Computing Cluster - 2024 - Panther

We have a new NIH funded GPU cluster!

Please acknowledge NIH S10OD034382 in publications using the MGCF. Note this grant number changed in 2023.

If you use the MGCF in your research, please acknowledge that your calculations were done in the MGCF, using NIH S10OD034382 funded equipment. Send mgcf@berkeley.edu the reference for any resulting publications. This makes a HUGE difference with regard to our ability to renew our grants.

See the funding details. The new cluster is named Panther and will be fully available in January 2024. The main cluster parts were delayed but we made disk array infrastructure changes to Tiger in 2023 using the new funding, so use the new number.

Panther Cluster: has > 1.8 Petabyte of data storage for user projects and 1.3PB of additional backup disk storage.
This is made up of 480 TB of ultra fast SSD plus 1.32PB on a fast dedicated disk array.
There is an additional 1.32PB data storage on a fully redundant fast dedicated disk array for data backups.

Panther's main GPU nodes:
NVIDIA Quadro RTX A6000 GPU unit (2 nodes, 2 GPUs per node, 64 CPU core per node, 16 total GPUs in 8 nodes; 512GB RAM per node)
NVIDIA Quadro RTX A6000 GPU unit (2 nodes, 1 GPU per node, 64 CPU core per node, 8 total GPUs in 8 nodes; 512GB RAM/node)

Per RTX A6000 GPU specs:
GPU memory 48 GB GDDR
CUDA Cores 10752
NVIDIA Tensor Cores 336
NVIDIA RT Cores 84
Single-precision performance 38.7 TFLOPS
RT Core performance 75.6 TFLOPS
Tensor performance 309.7 TFLOPS
More here (pdf).

There are 4 additional interactive GPU nodes on order.
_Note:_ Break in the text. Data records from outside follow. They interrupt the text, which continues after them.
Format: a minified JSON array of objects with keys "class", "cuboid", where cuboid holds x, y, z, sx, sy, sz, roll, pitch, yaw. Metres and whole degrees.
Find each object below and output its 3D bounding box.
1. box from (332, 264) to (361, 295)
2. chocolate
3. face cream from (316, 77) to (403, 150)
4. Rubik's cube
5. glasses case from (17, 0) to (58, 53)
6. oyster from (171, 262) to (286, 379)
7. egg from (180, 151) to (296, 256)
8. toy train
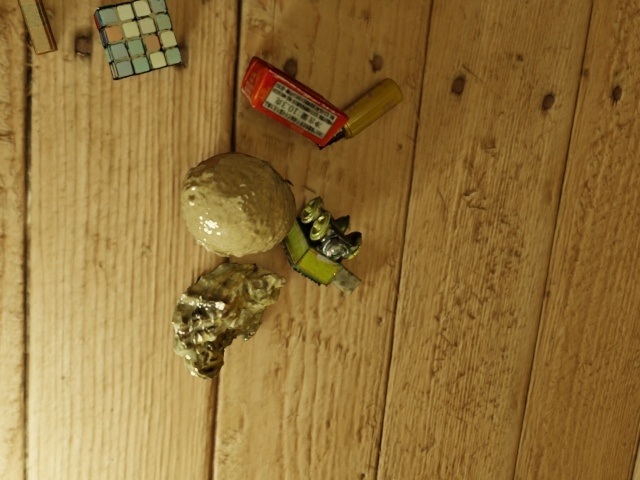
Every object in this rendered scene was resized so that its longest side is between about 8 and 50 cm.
[{"class":"box","cuboid":[0.064,0.108,1.846,0.098,0.045,0.062,37,88,-26]},{"class":"chocolate","cuboid":[-0.075,-0.345,1.587,0.238,0.235,0.108,28,102,-25]},{"class":"face cream","cuboid":[0.097,-0.334,1.738,0.273,0.078,0.078,-38,113,-10]},{"class":"Rubik's cube","cuboid":[-0.418,-0.460,1.460,0.151,0.155,0.154,-20,109,-17]},{"class":"glasses case","cuboid":[-0.635,-0.523,1.403,0.049,0.075,0.218,-19,108,-20]},{"class":"oyster","cuboid":[-0.242,0.192,1.705,0.351,0.115,0.237,-34,112,-11]},{"class":"egg","cuboid":[-0.202,-0.087,1.582,0.310,0.279,0.279,33,89,-37]},{"class":"toy train","cuboid":[0.000,0.000,1.687,0.134,0.261,0.177,32,103,-24]}]
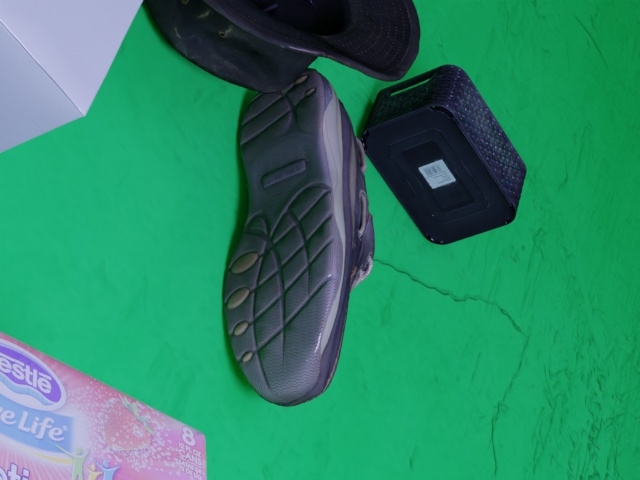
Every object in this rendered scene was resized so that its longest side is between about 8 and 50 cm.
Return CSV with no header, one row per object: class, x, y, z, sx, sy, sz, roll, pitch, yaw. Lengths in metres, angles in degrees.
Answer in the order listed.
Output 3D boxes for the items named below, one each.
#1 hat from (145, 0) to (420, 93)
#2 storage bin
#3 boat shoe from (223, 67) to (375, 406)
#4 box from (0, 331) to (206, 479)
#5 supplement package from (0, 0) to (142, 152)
hat,-0.073,-0.228,1.424,0.331,0.134,0.331,27,32,-19
storage bin,0.142,-0.096,1.717,0.180,0.122,0.084,53,36,-27
boat shoe,0.000,0.000,1.442,0.130,0.132,0.355,36,47,-42
box,-0.222,0.144,0.869,0.300,0.154,0.142,31,34,-31
supplement package,-0.254,-0.166,1.069,0.149,0.203,0.194,50,38,-30

These nodes are for people to work out the bugs in their processes before submission to the main cluster GPU nodes.
These nodes are Intel Xeon 38 CPU core, 128GB RAM, 1 NVIDIA GeForce RTX 4080 16G GDDR6x GPU, 1TB SSD scratch space.

Per RTX 4080 GPU specs: (more here)
NVIDIA CUDA Cores 9728
Memory Size 16 GB
Ray Tracing Cores - 3rd Generation
Tensor Cores - 4th Generation
NVIDIA Architecture - Ada Lovelace

Panther Totals: 16 GPU nodes with a total of 24 RTX A6000 GPUs (total: 258048 CUDA core, 8064 Tensor core, 2016 RT core), 8192GB total RAM, 1024 total CPU core and 1.8PB disk space and 1.3PB backup disk space, all on high speed disk arrays or SSD.
+ 4 GPU interactive nodes: with a totals of 4 NVIDIA GeForce RTX 4080 16G GDDR6x GPUs (16320 total CUDA core), 152 CPU core, 512GB RAM, 4TB SSD scratch space.

Tiger cluster: Also funded by NIH, the CPU cluster has of 36 CPU nodes each with 64 core and 512GB RAM per node.
Tiger Totals: 36 CPU nodes for a total of 2304 CPU core, and 18432GB total RAM, 100TB disk array + 100TB backup disk device all on high speed disk arrays with SSD buffering. There is also a older GPU node with 8 Nvida Tesla cards (= 30400 GPU core).

Tiger's nodes will being merged with Panther in January 2024 for a single unified cluster running Redhat 9.2 with Warewulf clustering and Slurm scheduling.
The Panther interactive GPU nodes will act as login interfaces to Panther in a manner similar to the workstations (below). They will have the same software suite as Panther but not be managed via Slurm.

MGCF Workstations

In 175 Tan Hall, there are twelve powerful workstations (including the Kavli workstations) running Linux. Each has 12-24 core, high quality NVIDIA graphics and plenty of local disk space. See CPU, RAM and GPU details. All of the workstations have 32 inch 4K resolution screens.

For day to day work, all of the workstations are interchangeable and it is recommended that you use one of these for remote access, rather than the computing cluster, Tiger. Your files are network mounted across all and the workstations have a wider range of interactive software than the server. There will be better load balancing and stability on the server if you use a workstation for interactive use, either in person or remotely.

The MGCF workstations are named machinename.cchem.berkeley.edu where machinename is one of these names:
gravel, energy, nano, betty, slate, stone, bambam, lava, bronto, bobcat, lynx.

A full suite of development, graphics, chemistry and other scientific tools is available. Please see the the software page for details.


Kavli Workstations

These are called: energy and nano. They have all of the same software as the other MGCF workstations but Kavli participants have priority in their use.

You can see the load on these workstations with the topw command. It will show the top processes on each machine.


NSF funding

We are still using some parts of our NSF funded computing cluster from: NSF CHE-0840505. 

These NSF nodes are currently part of the MGCF workstation grouping.